第2話

愛丸は汗だくになりながら神社の上り口まで辿り着くと、足を止めた。

 しかし、「ハァハァ」と二、三度荒い息を吐いただけで又すぐに階段を上り始めていた。

(しかし……こんな時、自分ン家が神社って事がつくづく嫌だ……)

 愛丸は階段の上を見上げながら正直不気味だと思った。

 こんもりとした裏山には樹木が生い茂り、黒い影を作り出していて、薄明るい境内を浮き立たせている。

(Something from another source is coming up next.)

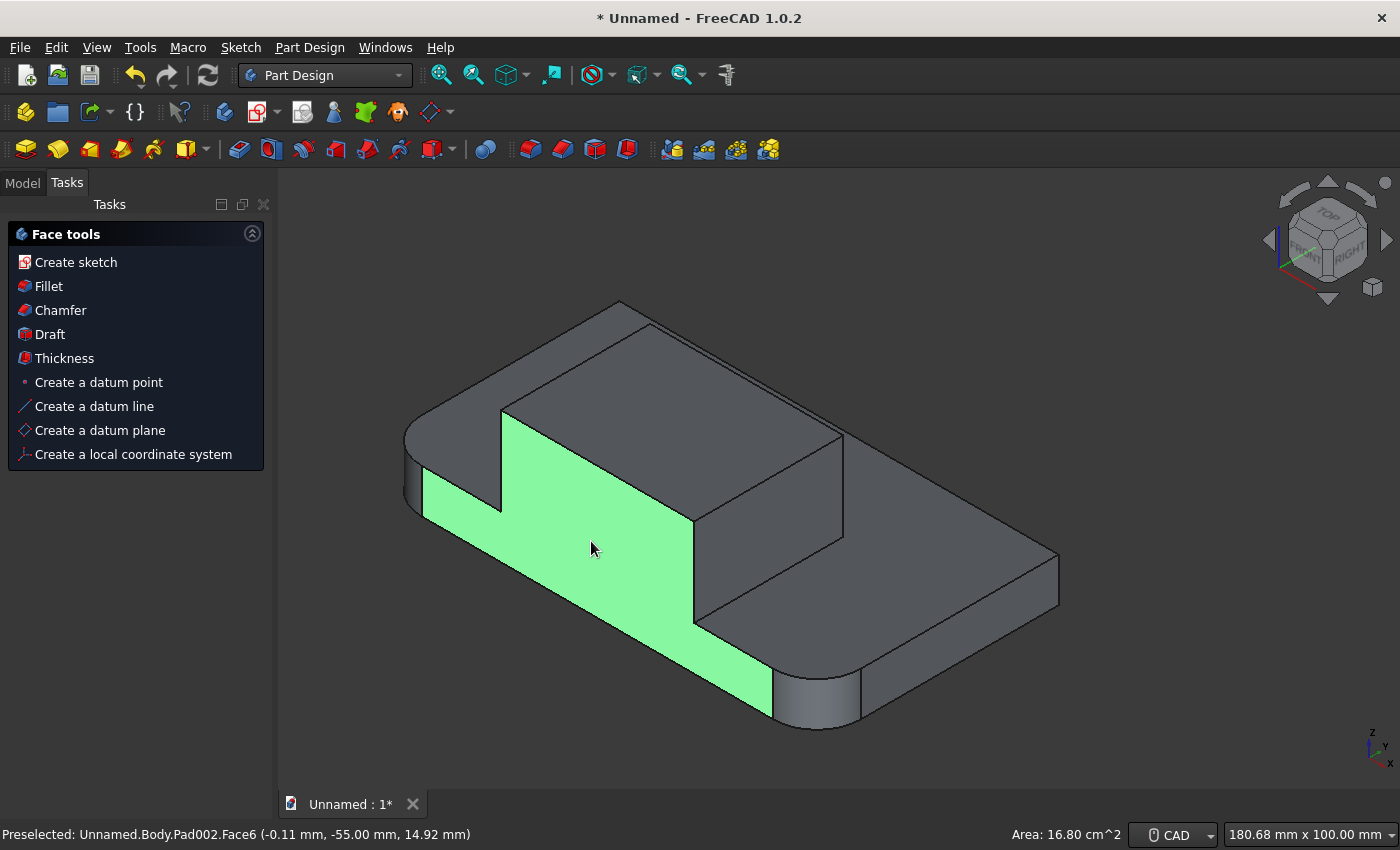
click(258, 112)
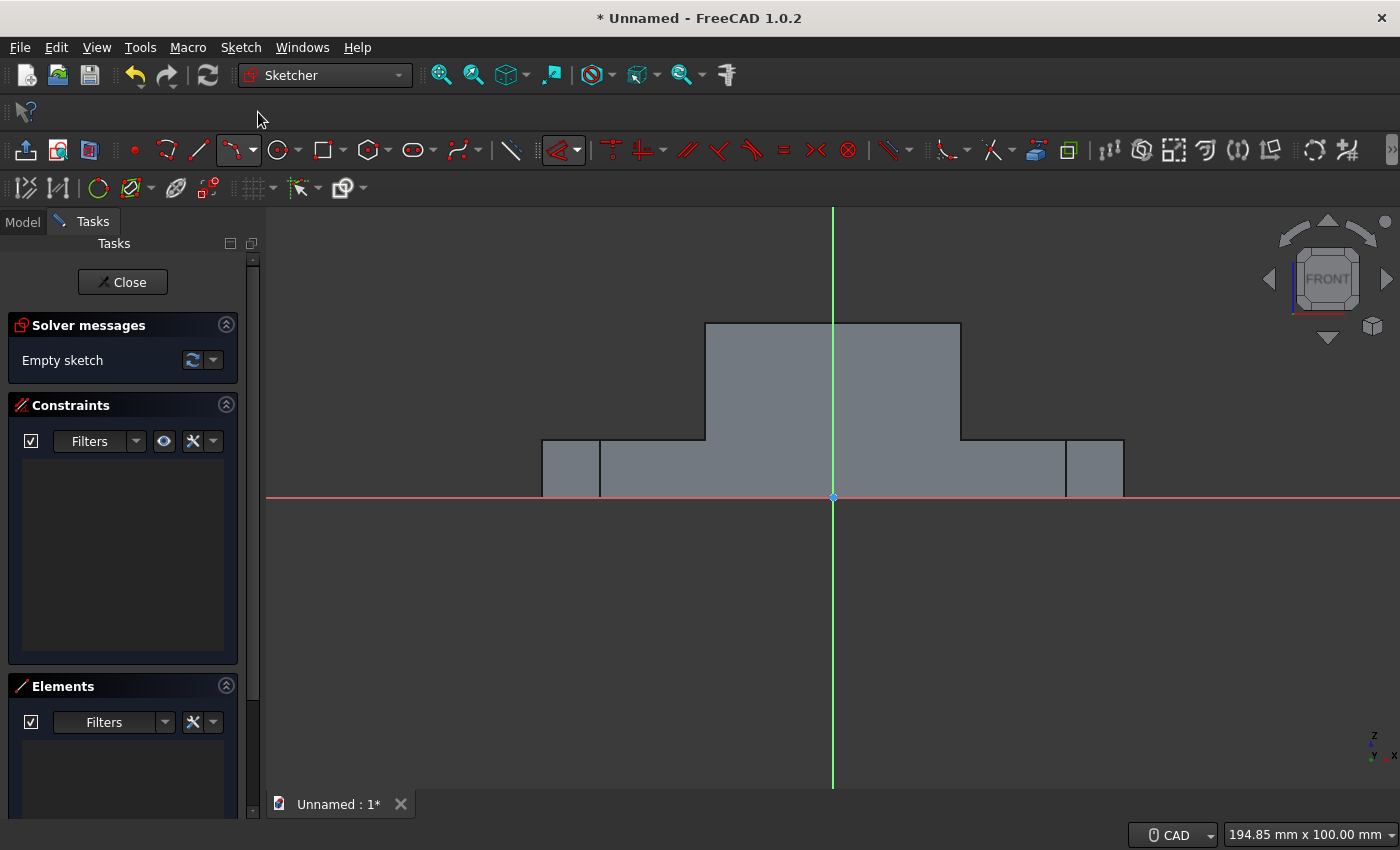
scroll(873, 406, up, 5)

 荘厳であるが故の静寂さは反って薄気味悪く、人の気持ちを心細くさせるものだ。

(まっ、寺よりましか……)

 愛丸は何時もそう思う事にしている。

 神社の息子に生まれて来たのだから仕方がない、嫌でもこの階段を上らなければ我家に辿り着くことは出来ないのだ。

 それにしても、慣れている筈のこの風景が、今日はやけに薄気味悪く感じるのは何故だろう……

 愛丸がそんな事を思いながら、重い足を引きずって、やっと階段を上り切ったその時、辺りが急に明るくなってきた。

(なんだぁ……?)

 愛丸は、それが上からの光だと直ぐに気付いて空を見上げた。

 するとどうだろう、眩いばかりに光る球体が、今、正に頭上を通過しようとしていたのだ。